Thank you once again, Dan, for the workshop!
Hope to meet you again soon.

Next is my solution to the exercise:

#1. get mapping tuples (country_id, continent_id)
ctr_cont_map_rdd = raw_countries_rdd \
.map( lambda s: s.split(',') ) \
.map( lambda l: ( int(l[0]), int(l[1]) ) )

ctr_cont_map_rdd.take(10)

#2. get tuples (country_id, (city_initial, list_of_cities))
ctr_cit_list_rdd = cities_rdd \
.reduceByKey(add) \
.map(lambda ((ctr_id, first_ltr), cit_list): (ctr_id, (first_ltr, cit_list)))

ctr_cit_list_rdd.take(10)

#3. get tuples (continent_id, list_of_cities) by city_initial
cont_cit_list_rdd = ctr_cit_list_rdd \
.join(ctr_cont_map_rdd) \
.map(lambda (ctr_id, ((first_ltr, cit_list), cont_id)): ((cont_id, first_ltr), cit_list)) \
.reduceByKey(add) \
.map(lambda ((cont_id, first_ltr), cit_list): (cont_id, cit_list))

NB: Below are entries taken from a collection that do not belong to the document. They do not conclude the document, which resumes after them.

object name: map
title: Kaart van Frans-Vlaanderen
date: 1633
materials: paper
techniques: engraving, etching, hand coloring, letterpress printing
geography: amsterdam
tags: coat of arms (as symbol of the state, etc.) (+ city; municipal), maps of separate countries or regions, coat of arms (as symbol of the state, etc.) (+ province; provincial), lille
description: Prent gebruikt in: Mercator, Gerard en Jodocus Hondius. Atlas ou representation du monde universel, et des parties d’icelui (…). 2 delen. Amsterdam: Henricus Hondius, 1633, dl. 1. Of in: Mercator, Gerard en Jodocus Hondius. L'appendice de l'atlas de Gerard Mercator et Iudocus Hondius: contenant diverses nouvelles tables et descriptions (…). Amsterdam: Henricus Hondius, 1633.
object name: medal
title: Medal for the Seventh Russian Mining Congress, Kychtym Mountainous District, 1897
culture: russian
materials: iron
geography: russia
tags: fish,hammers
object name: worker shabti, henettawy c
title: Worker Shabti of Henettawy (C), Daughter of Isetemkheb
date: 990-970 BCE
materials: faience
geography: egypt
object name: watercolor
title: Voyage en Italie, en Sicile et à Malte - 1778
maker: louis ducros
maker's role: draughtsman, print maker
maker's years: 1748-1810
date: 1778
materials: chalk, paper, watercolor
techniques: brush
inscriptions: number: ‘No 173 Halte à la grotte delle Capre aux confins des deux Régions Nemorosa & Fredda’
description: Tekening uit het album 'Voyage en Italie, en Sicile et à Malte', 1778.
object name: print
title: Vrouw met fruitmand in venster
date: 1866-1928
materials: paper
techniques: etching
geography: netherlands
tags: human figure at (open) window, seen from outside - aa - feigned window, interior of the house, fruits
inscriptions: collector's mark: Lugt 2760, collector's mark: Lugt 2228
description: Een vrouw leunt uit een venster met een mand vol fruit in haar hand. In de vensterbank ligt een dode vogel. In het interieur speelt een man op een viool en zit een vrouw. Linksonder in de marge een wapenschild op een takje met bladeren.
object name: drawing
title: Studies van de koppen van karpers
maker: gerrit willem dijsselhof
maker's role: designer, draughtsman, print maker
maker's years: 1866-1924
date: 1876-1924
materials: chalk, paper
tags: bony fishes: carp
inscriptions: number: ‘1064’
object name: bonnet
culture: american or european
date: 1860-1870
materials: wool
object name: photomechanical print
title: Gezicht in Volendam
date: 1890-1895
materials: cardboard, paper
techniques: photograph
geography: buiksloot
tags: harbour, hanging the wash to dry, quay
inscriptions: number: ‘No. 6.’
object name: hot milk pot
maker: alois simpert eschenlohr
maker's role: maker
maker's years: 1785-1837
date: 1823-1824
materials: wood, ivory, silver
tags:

cont_cit_list_rdd.take(10)

#4. sort in descending number of cities with similar initial (first letter in name)

#replace continent_id with continent_name

#add city count

#filter pairs where the number of cities in group is > 2

#get tuple (continent_name, city_initial, list_of_cities)
nice_cont_cit_list = cont_cit_list_rdd \
.join(continents_rdd) \
.map(lambda (cont_id, (cit_list, cont_name)): (cont_name, cit_list)) \
.sortBy(lambda (cont_name, cit_list): len(cit_list), ascending=False ) \
.map(lambda (cont_name, cit_list): (cont_name, len(cit_list), cit_list)) \
.filter(lambda (cont_name, num_cit, cit_list): num_cit > 2)

nice_cont_cit_list.collect()